But she didn’t really believe that, and she suspected Carter didn’t, either. Jake’s MVP status meant he was in demand—interviews and sports talk shows, not to mention the parties that were no doubt taking place. But sooner or later, she expected he would get back around to her.
She became aware that, somehow, her fingers had tangled with Carter’s. His thumb stroked lightly over her knuckles, creating a swooping pull low inside her. She dared to look up at him again, but his gaze was down, his head bent. He frowned slightly as he seemed to study their joined hands, almost as if he were as surprised as she was. But the sound of the elevator opening and recognizable voices in the hall jolted them back to reality. As Quinn stepped away, smoothing the long-sleeved yoga tee she wore over her leggings, he cleared his throat, reaching for his shirt in an attempt to cover the scars on his chest before Jolene and Olivia entered. Doug had taken to following Jolene around as she worked, and Quinn could hear his padding trot accompanying the conversation.
“I figured we’d find them down here,” Jolene said as they turned the corner.
The women halted in the doorway. Carter pulled the T-shirt down over his chest. But it was obvious by the shock in Olivia’s eyes he had been too late. Jolene recovered more quickly.
“Carter, your mother brought the most beautiful cupcakes from Café Bella.”

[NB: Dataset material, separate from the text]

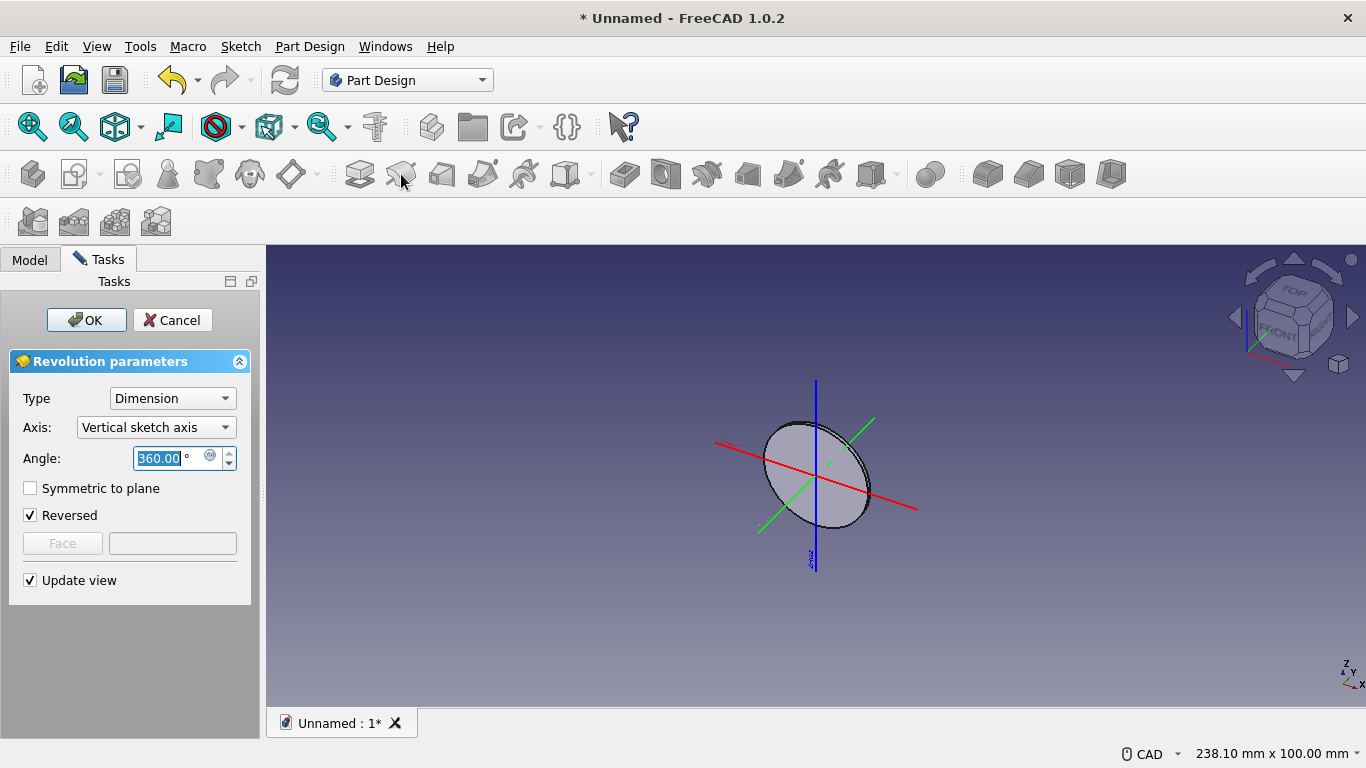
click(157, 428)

Carter had risen from his seat on the massage table. Olivia moved to where he stood. Staring up at him, she cupped his face. Quinn saw him swallow at her touch.
“Hi, Mom,” he murmured.
* * *
“You know the cupcakes were just my excuse to see you.” Olivia stood in the main living area as Carter sat on the sofa. Her discarded raincoat lay across its back.
“You’re welcome here anytime. You know that.”
She paced before sitting beside him, her face tense. “I’m sorry about my reaction downstairs. I saw you in the hospital, but—”
“It’s okay, Mom.”
“It’s not,” she fretted. “The violence—what that woman did—it still takes my breath away.” She placed a hand on his sweatpants-clad knee. “How’re you feeling, darling?”
“I’m doing a little better every day. I’m getting stronger.” Through the French doors, Carter could see Quinn outside on the covered porch. She had added a cozy sweater over her clothing, and she sipped from a mug—green tea, no doubt, since he’d never seen her touch coffee—as she watched the rainfall.
“I’m so happy to hear that.” Olivia looked out at Quinn, too. “It’s because of her, isn’t it? Mark was right. That young lady knows her stuff.”
“She does. But I’ve still got a long way to go.”
“I haven’t a doubt you’ll get there.” Olivia twisted the sapphire ring on her finger. “I did come by for a reason, Carter. I…need to tell you something. I talked to Mark last night and to Mercer by phone this morning.”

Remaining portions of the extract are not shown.